The Quest for Golden Data

It seems these days that everyone is looking for a “360-degree view” of customer, product, vendor and just about every category of information you can think of. However, getting there is not always so easy, and gets harder as organizations get larger.

Today, very few organizations have only one operational system, and many have several. It is not uncommon for us to encounter clients with 3, 4 or more ERPs, not to mention other legacy applications and data sources. As these systems grew over time they became more and more siloed, with each system focusing on a different view of data, all of which much be reconciled and combined. How do we integrate say, customer data, from 4 or 5 sources when there are no common identifiers and even things like names and addresses are inconsistent in format or spelling?

The answer is we need to “harmonize” the data. Harmonization is an umbrella term that includes the functions of extraction from the source, transformation as required, mapping, matching, survivorship and merging.

Magnitude MDM and Data Harminization

A brand-new harmonization module was added to MDM in Version 10 last year. Through harmonization, we can use a variety of fuzzy matching algorithms and rules to match together disparate data, deduplicating both within and across sources. Incoming data is then matched against existing records to align similar data. Once deduplicated and aligned, survivorship rules select the “best” source for each attribute in the data, producing the best possible “golden copy” record.

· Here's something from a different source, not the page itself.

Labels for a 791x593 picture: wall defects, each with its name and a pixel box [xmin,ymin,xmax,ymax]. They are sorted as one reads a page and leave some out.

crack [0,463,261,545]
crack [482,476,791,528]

Matching produces a “match score” for each pair of records based upon the degree of similarity and the precise rules used. The ability to set a weight (how much a particular attribute match contributes to the score), penalty (how much a no-match on an attribute penalizes the score) and strictness (how fuzzy the match should be) allows some very fine adjustments to be made. A match preview is provided to allow the designer to fine tune the rules for each particular source.

But not every match results in a clear set of matches and no-matches. Because the matching is imprecise (i.e. fuzzy) from the start, there will be a range of match scores. Some matches will have very high scores and will be clearly the same “thing” while others will have very low scores and will be clearly a different thing. But there will also be a range of scores where it won’t be obvious that two records are talking about the same thing – where the records have some things in common, but others that are different.

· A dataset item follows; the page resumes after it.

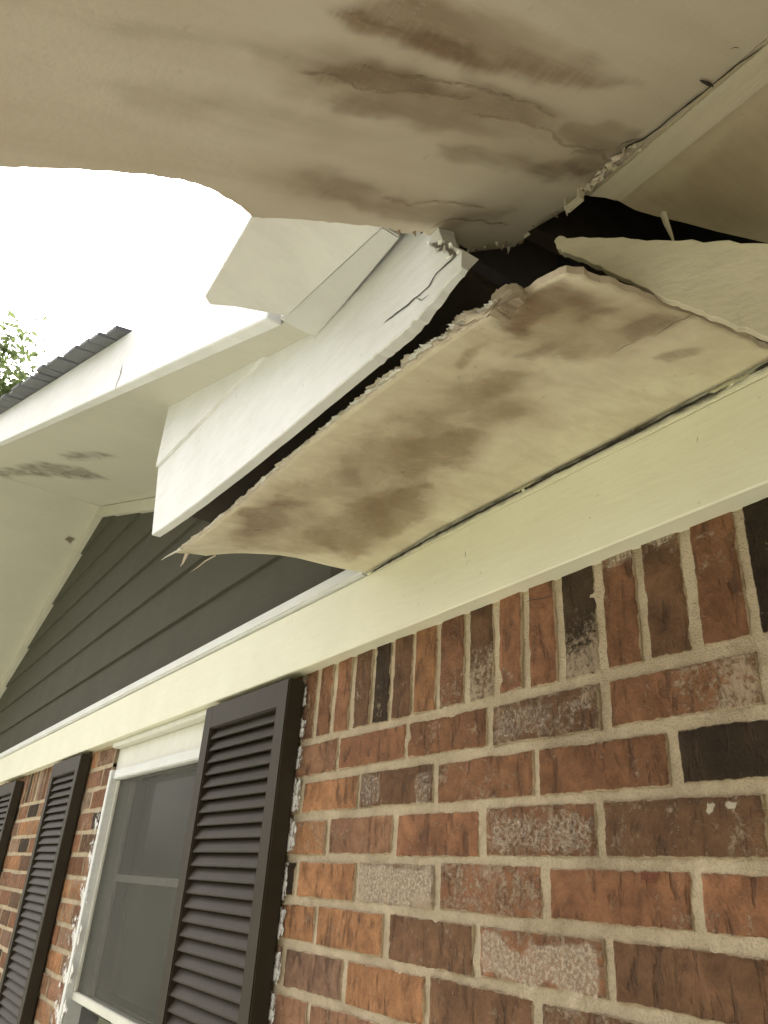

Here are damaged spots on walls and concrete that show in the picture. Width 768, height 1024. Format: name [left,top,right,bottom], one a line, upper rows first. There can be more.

peeling [426,238,462,260]
crack [385,256,456,322]
crack [371,362,768,573]
leakage [539,421,653,480]

To deal with this “grey area” we have both an “auto accept threshold” and a “manual review threshold.” What these two setting do is to set match scores below which a record will be automatically promoted to a new master record, and a score above which the records will be automatically merged, according to the survivorship rules. The matches that fall in between, in the “grey area,” will be routed to data stewards for review and confirmation. Data stewards can choose to accept the match (which will merge the records) or to reject it (which will promote the source record) either one match at a time or in bulk.

This manual review option is critical to a good result since sometimes the decision to accept or reject a match is based not solely on the data content but rather requires some knowledge of the business.

Consider the example shown – the address is identical, but the name is slightly different. Should these records be merged or not? It depends on the business purpose of the harmonization. If we are trying to consolidate all business entities down to a single mailing address, then we may want to merge them. However, if the goal is to identify each legal entity we deal with then perhaps the records should remain distinct.

This points up the most important aspect of harmonization – it is not strictly a technical process. Deduplication can be automated only up to a point; there will always be records that a purely technical approach cannot address. Like so many other areas of master data management, it requires a knowledge of the business goals of the project and the business processes that will consume the data.

Harmonization will continue to evolve in functionality over the next several releases, including more refined survivorship options, more matching functions (including the introduction of machine-learning) and improved user interface. User response to harmonization has been very positive, with almost all new customers licensing the module and many existing clients upgrading to include it.

One of the tasks any MDM solution must perform is integration of information – Harmonization makes integration of related data from different sources easier, faster and introduces higher levels of automation.